• _Your goal_: Restate word for word the entries below, starting with the line with "5. picture/frame (638,77,688,146)" and continuing through the line with "6. cabinet/shelf (213,228,359,386)". Include both of those lines and no others.

Start of Block

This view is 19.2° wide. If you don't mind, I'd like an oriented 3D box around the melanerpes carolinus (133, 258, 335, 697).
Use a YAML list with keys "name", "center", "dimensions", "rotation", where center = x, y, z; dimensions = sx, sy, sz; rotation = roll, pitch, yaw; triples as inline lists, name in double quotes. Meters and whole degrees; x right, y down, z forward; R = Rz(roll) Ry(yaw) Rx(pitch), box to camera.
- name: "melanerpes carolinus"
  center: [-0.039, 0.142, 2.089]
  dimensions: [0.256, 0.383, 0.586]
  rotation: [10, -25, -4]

End of Block
Start of Block

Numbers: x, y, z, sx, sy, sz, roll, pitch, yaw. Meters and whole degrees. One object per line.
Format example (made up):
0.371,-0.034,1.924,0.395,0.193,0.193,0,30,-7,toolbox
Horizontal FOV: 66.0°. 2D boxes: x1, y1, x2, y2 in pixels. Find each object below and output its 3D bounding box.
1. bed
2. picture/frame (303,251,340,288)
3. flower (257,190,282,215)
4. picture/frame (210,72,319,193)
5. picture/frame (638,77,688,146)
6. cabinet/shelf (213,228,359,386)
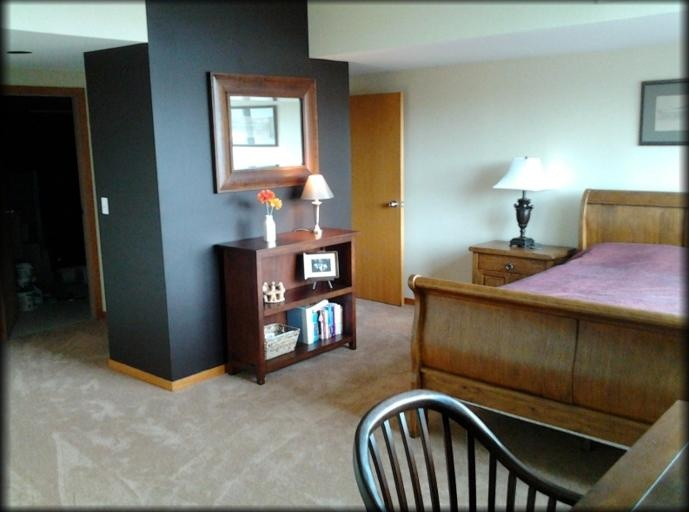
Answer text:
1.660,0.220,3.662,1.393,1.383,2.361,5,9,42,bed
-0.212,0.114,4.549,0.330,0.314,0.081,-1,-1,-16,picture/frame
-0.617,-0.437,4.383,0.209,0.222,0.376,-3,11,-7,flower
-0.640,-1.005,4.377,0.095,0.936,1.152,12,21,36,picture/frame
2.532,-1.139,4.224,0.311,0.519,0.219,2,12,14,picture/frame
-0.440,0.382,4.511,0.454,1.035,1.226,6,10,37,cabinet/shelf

End of Block

• _Task solution_:
5. picture/frame (638,77,688,146)
6. cabinet/shelf (213,228,359,386)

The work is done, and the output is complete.